Performance¶

System information¶

The CAFA3 experiment was executed on a local workstation with the following specifications:

CPU: Intel Core i5-12400F (12 cores, 6 performance cores × 2 threads, up to 5.6 GHz)
RAM: 32 GB total
GPU: NVIDIA GeForce RTX 3060 (12 GB GDDR6)
Operating system: Ubuntu 24.04.2 LTS (Noble Numbat), kernel 6.14.0-29-generic
Storage: NVMe SSDs

Workload summary¶

Sequences to annotate: 3,328 (from cafa3_gt.fasta)
Models enabled: 5 (ESM, ESM3c, Ankh3-Large, Prot-T5, Prost-T5)
Layers used: last layer only (final embedding representation)

Embedding stage¶

During this stage, embeddings were generated for all five enabled models across the benchmark set of ~3,300 sequences. The process lasted about 40 minutes from start to finish, ensuring that each sequence was represented once per model.

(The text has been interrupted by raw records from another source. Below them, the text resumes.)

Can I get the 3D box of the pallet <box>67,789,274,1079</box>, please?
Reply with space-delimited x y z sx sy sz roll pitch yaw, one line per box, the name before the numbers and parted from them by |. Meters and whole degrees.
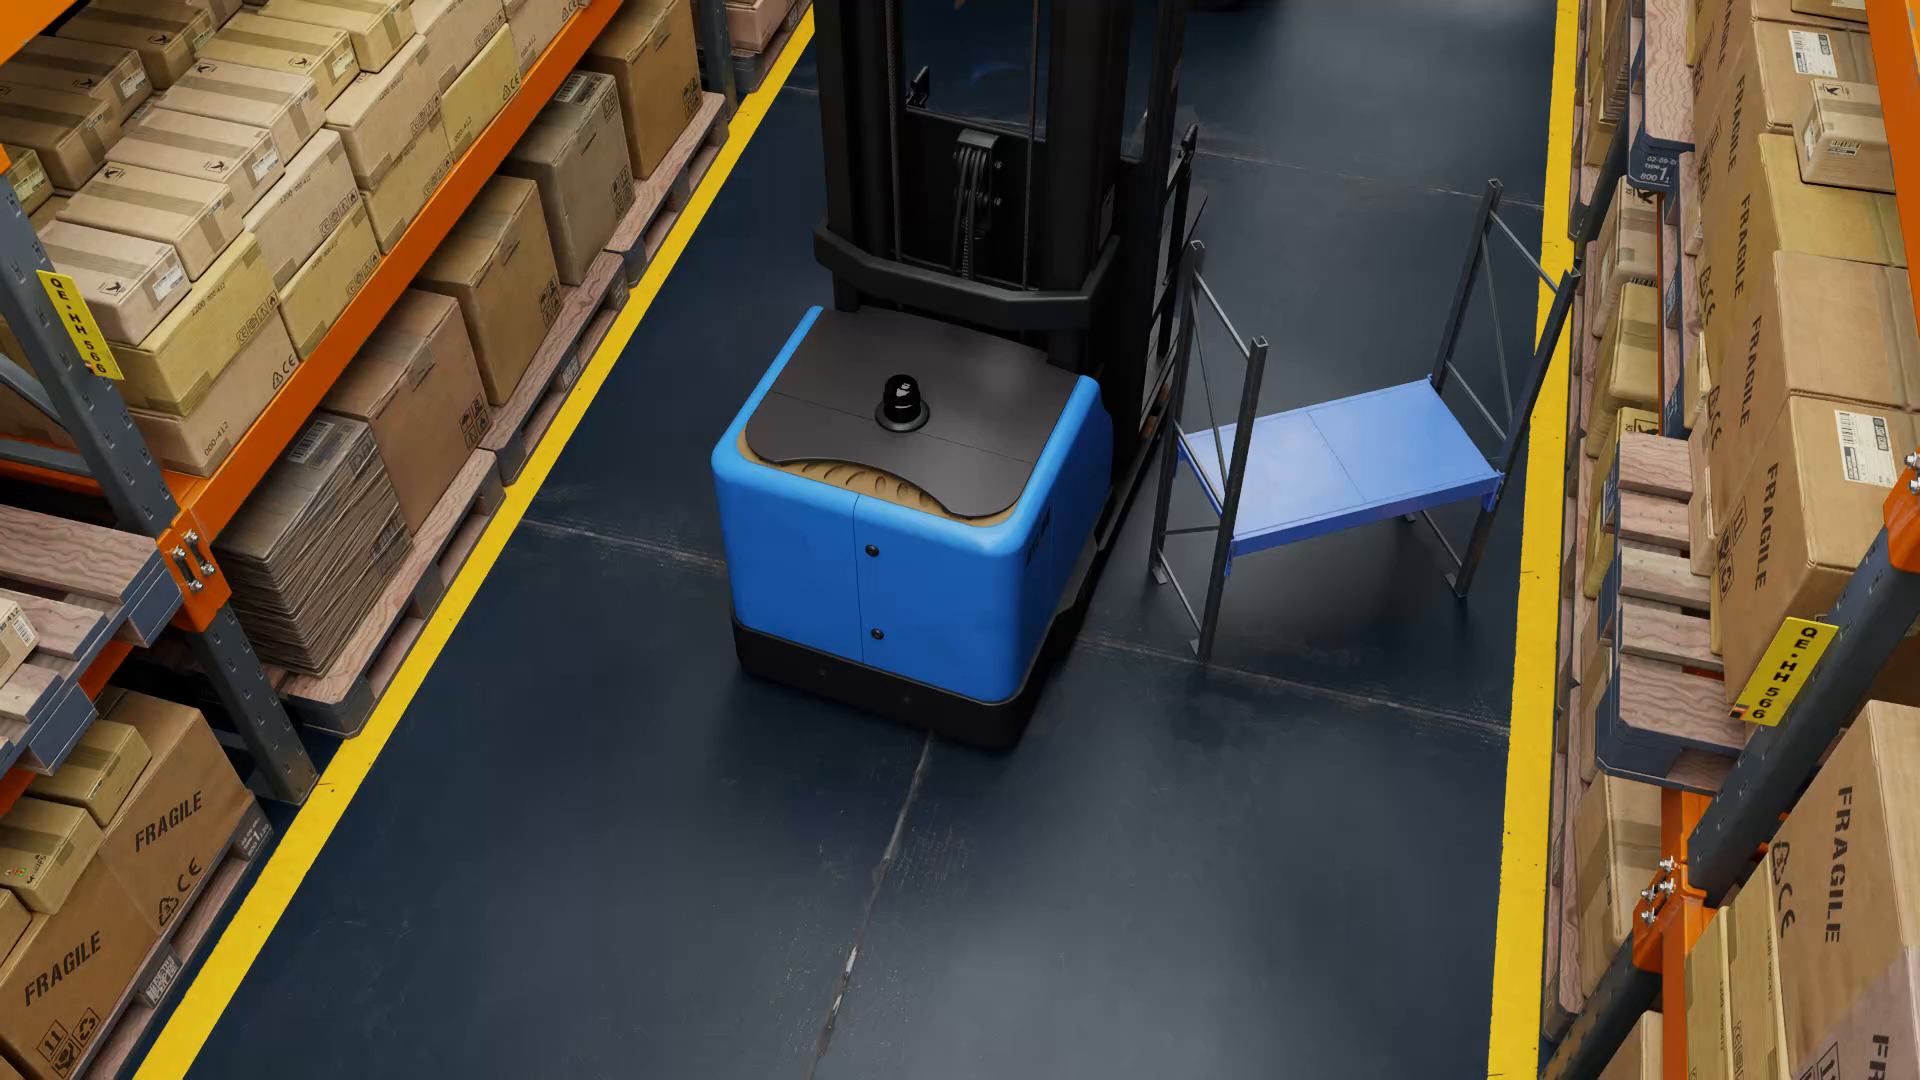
pallet | -2.865 1.201 5.049 1.003 0.211 1.213 12 50 10

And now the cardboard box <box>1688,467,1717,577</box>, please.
cardboard box | 2.041 -0.016 4.151 0.380 0.149 0.250 11 50 10

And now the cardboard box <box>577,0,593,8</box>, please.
cardboard box | -1.586 -2.317 6.394 0.500 0.250 0.500 11 50 10

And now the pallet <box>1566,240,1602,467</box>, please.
pallet | 3.007 -0.684 6.713 1.003 0.211 1.213 12 50 10

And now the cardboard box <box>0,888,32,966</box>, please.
cardboard box | -2.671 1.012 4.311 0.380 0.149 0.250 10 49 9

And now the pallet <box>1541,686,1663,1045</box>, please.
pallet | 2.365 1.081 5.156 1.003 0.211 1.213 12 50 10

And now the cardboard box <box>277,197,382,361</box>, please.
cardboard box | -2.142 -0.840 5.091 0.500 0.250 0.500 11 49 9

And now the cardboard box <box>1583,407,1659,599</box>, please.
cardboard box | 2.707 -0.036 5.754 0.950 0.372 0.625 13 50 11

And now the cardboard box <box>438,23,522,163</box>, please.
cardboard box | -1.875 -1.589 5.752 0.500 0.250 0.500 13 50 11

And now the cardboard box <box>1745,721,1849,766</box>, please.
cardboard box | 2.017 0.383 3.798 0.380 0.149 0.250 13 50 11

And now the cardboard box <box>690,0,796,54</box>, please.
cardboard box | -1.133 -2.661 8.152 0.500 0.250 0.500 12 50 10

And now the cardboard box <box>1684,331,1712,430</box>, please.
cardboard box | 2.174 -0.398 4.488 0.380 0.149 0.250 12 50 11

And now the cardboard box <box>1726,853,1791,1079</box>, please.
cardboard box | 1.786 0.925 3.200 0.500 0.250 0.500 11 50 10

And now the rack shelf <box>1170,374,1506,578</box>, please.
rack shelf | 1.273 -0.231 5.693 1.000 0.185 0.538 -13 50 -12

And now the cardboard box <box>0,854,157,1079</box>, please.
cardboard box | -2.678 1.142 4.628 0.500 0.500 0.500 11 49 9

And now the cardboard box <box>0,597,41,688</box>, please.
cardboard box | -2.435 0.241 3.924 0.380 0.149 0.250 12 50 11

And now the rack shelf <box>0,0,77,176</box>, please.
rack shelf | -2.106 -2.455 4.895 1.077 0.370 4.000 12 50 10

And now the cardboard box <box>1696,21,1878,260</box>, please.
cardboard box | 2.411 -1.067 4.646 0.500 0.500 0.500 10 49 8

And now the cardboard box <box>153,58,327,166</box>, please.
cardboard box | -2.095 -1.250 4.853 0.380 0.149 0.250 12 50 10

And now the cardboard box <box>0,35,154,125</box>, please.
cardboard box | -2.656 -1.355 4.946 0.380 0.149 0.250 11 49 9

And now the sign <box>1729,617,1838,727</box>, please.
sign | 1.632 0.266 3.296 0.100 0.325 0.005 12 50 10

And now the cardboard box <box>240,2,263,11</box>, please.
cardboard box | -2.375 -1.844 5.643 0.500 0.250 0.500 11 49 9

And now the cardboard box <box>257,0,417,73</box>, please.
cardboard box | -1.934 -1.610 5.171 0.380 0.149 0.250 13 50 11

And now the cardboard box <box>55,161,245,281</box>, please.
cardboard box | -2.195 -0.868 4.516 0.380 0.149 0.250 13 50 11

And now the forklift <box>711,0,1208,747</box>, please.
forklift | 0.227 -1.407 5.537 1.130 2.935 3.031 16 51 14

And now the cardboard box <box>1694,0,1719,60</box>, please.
cardboard box | 2.679 -1.796 5.289 0.500 0.500 0.500 12 50 10

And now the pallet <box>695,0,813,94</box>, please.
pallet | -1.330 -2.792 8.573 1.003 0.211 1.213 12 50 10

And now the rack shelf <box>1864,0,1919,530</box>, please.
rack shelf | 2.684 -1.478 4.033 1.077 0.370 4.000 12 50 10

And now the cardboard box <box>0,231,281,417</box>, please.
cardboard box | -2.255 -0.638 4.579 0.500 0.250 0.500 12 50 10

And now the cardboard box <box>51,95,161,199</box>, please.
cardboard box | -2.649 -1.120 5.004 0.500 0.250 0.500 12 50 10

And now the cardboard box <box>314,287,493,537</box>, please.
cardboard box | -2.290 -0.530 6.021 0.875 0.625 0.625 13 50 11

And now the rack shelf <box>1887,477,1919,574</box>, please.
rack shelf | 1.631 1.415 1.480 1.077 0.370 4.000 12 50 10

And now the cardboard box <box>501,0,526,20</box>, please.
cardboard box | -1.730 -2.115 5.883 0.500 0.250 0.500 12 50 11

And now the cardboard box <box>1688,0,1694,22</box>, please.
cardboard box | 2.760 -1.889 5.804 0.380 0.149 0.250 12 50 11

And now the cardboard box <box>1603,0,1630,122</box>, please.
cardboard box | 3.107 -2.129 7.182 0.500 0.500 0.500 11 49 10

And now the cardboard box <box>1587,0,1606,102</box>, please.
cardboard box | 3.237 -2.267 7.804 0.500 0.250 0.500 10 49 9

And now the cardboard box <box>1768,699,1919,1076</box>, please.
cardboard box | 1.792 0.667 2.927 0.500 0.500 0.500 10 49 9

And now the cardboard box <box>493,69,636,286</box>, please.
cardboard box | -1.917 -1.561 6.931 0.875 0.625 0.625 11 50 10

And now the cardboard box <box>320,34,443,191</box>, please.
cardboard box | -1.991 -1.380 5.234 0.500 0.250 0.500 10 49 9

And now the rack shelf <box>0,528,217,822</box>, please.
rack shelf | -3.158 1.431 3.467 1.077 0.370 4.000 12 50 10

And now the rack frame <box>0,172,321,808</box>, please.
rack frame | -2.632 -0.254 4.474 1.000 3.000 0.127 12 50 10

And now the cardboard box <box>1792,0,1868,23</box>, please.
cardboard box | 2.559 -1.579 4.665 0.380 0.149 0.250 14 50 12

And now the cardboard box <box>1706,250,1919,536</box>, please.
cardboard box | 2.135 -0.308 3.976 0.500 0.500 0.500 11 49 9

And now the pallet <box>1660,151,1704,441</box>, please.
pallet | 2.639 -0.654 4.954 1.003 0.211 1.213 12 50 10

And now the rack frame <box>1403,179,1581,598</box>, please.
rack frame | 1.758 -0.465 5.660 0.032 1.500 0.500 -13 50 -12

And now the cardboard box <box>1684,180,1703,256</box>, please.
cardboard box | 2.390 -0.952 4.977 0.380 0.149 0.250 13 50 11

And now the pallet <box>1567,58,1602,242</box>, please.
pallet | 3.353 -1.741 7.645 1.003 0.211 1.213 12 50 10

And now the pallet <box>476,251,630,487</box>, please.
pallet | -2.055 -0.799 6.814 1.003 0.211 1.213 12 50 10

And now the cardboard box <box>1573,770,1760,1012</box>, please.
cardboard box | 2.316 1.047 4.798 0.950 0.372 0.625 9 49 7

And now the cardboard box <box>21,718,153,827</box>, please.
cardboard box | -2.518 0.627 4.651 0.380 0.149 0.250 9 49 8

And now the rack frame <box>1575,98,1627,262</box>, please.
rack frame | 3.210 -2.171 6.165 1.000 3.000 0.127 12 50 10

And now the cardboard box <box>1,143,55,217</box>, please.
cardboard box | -2.781 -0.988 4.622 0.380 0.149 0.250 13 50 11

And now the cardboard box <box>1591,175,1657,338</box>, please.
cardboard box | 3.075 -1.060 6.658 0.950 0.372 0.625 12 50 11

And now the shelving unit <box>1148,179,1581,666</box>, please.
shelving unit | 1.273 -0.350 5.559 1.048 1.500 0.538 -13 50 -12

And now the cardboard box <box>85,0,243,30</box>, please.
cardboard box | -2.527 -1.726 5.273 0.380 0.149 0.250 11 49 9
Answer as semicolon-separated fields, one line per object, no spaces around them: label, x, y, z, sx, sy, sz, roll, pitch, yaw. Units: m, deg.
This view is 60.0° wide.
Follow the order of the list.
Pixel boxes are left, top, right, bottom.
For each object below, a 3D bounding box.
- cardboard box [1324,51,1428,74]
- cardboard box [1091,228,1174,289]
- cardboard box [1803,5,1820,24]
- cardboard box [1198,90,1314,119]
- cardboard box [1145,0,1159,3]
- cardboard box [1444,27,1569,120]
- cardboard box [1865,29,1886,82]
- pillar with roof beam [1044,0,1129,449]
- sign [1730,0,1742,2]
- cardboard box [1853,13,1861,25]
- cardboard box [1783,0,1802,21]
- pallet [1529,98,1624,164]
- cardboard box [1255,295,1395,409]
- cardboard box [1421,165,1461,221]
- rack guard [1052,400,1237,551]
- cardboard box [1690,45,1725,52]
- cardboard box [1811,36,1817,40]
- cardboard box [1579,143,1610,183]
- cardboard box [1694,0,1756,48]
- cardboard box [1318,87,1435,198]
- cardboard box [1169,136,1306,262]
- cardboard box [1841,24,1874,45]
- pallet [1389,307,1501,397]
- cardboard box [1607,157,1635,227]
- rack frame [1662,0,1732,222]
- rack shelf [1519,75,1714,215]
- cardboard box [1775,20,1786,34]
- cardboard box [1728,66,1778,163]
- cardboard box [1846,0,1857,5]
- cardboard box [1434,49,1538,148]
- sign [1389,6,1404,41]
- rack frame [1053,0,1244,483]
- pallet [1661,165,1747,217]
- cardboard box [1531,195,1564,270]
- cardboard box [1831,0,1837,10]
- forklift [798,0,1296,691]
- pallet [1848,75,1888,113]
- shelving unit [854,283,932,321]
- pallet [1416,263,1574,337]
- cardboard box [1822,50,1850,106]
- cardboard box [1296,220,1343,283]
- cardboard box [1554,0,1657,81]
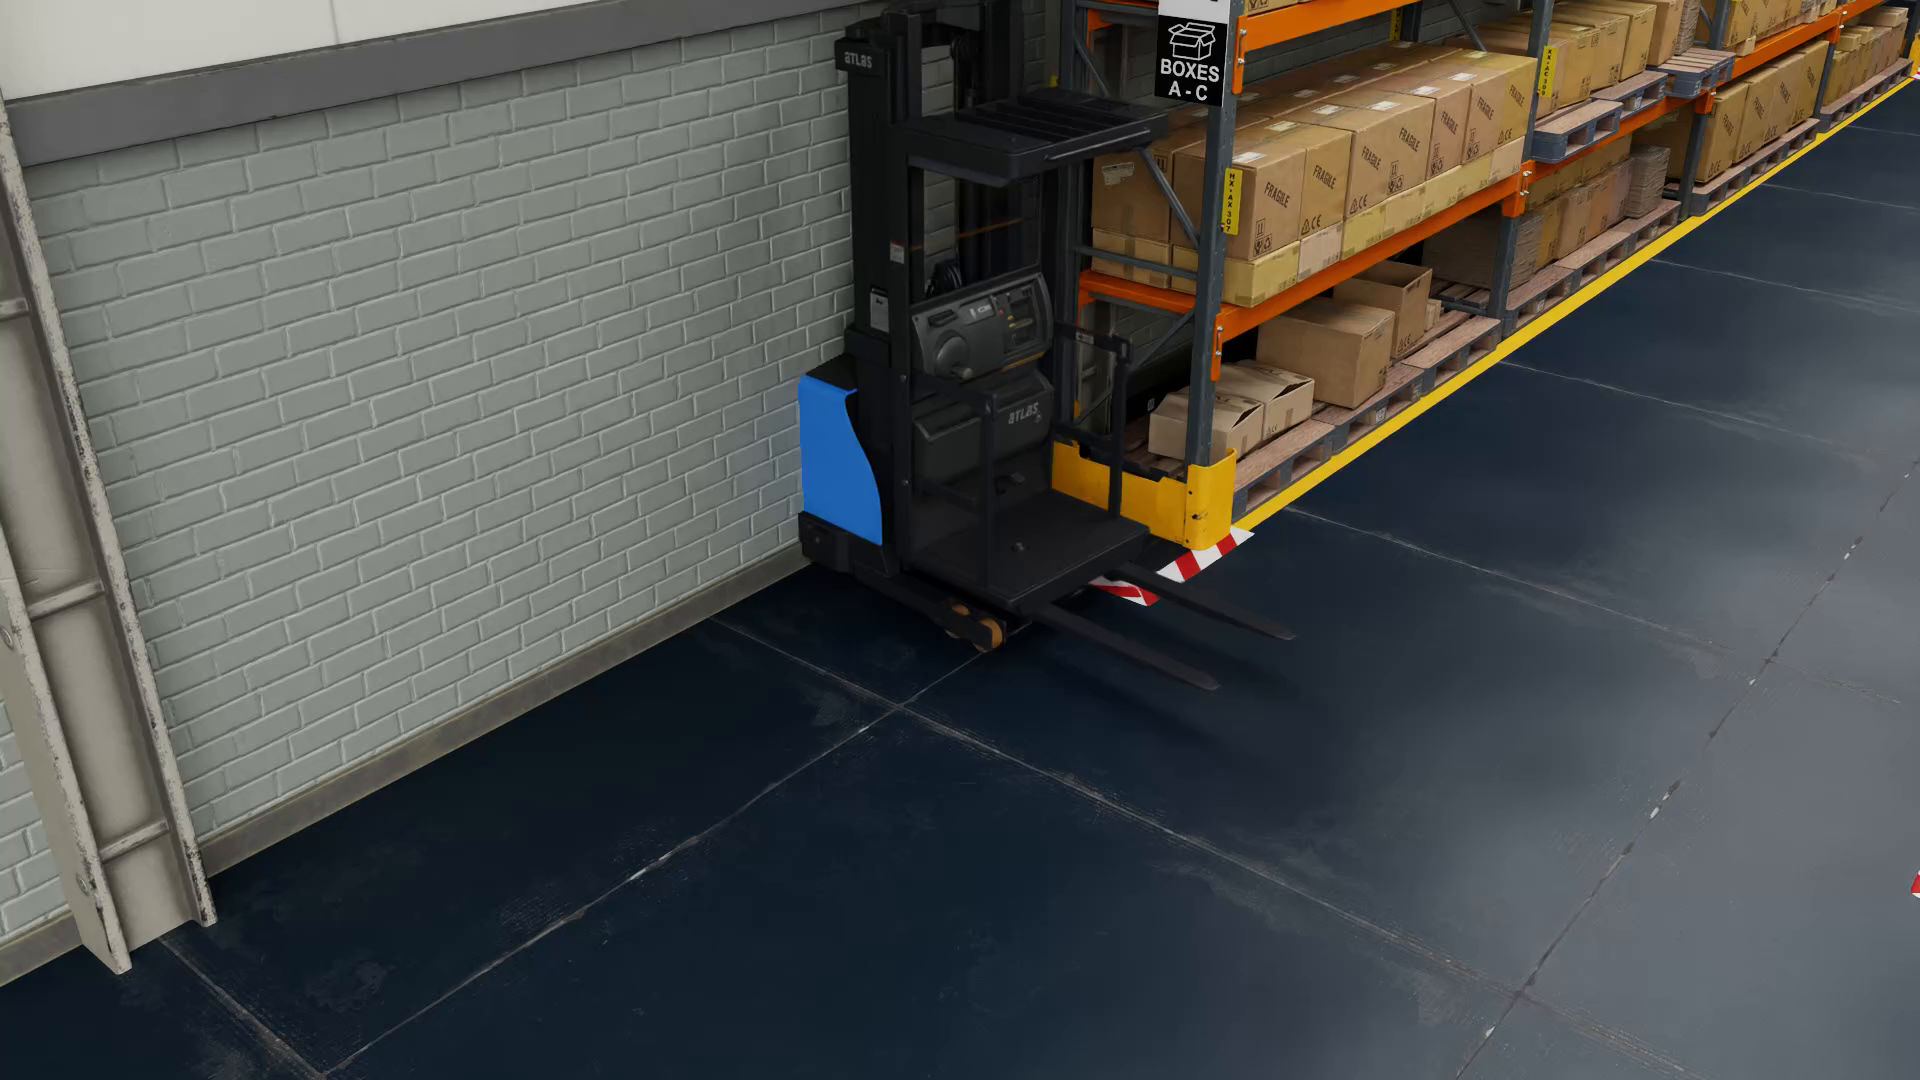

This completed the embedding phase, after which the resulting representations were passed on to the lookup and annotation steps.

Lookup stage¶

The lookup phase started once embeddings were available and lasted about four minutes. A total of 16,640 similarity queries were enqueued and processed in 35 homogeneous batches (batch size 516, grouped by model and layer). During this stage, the system also produced the consolidated FASTA file (sequences.fasta) containing 3,328 queries and 24,992 reference entries. Lookup completed once all queues were emptied.

Post-processing¶

Immediately afterwards, a post-processing step was applied to the 3,328 benchmark accessions. This phase lasted around two minutes and included filtering, identity calculations and score weighting. It marked the final step of the annotation workflow prior to evaluation.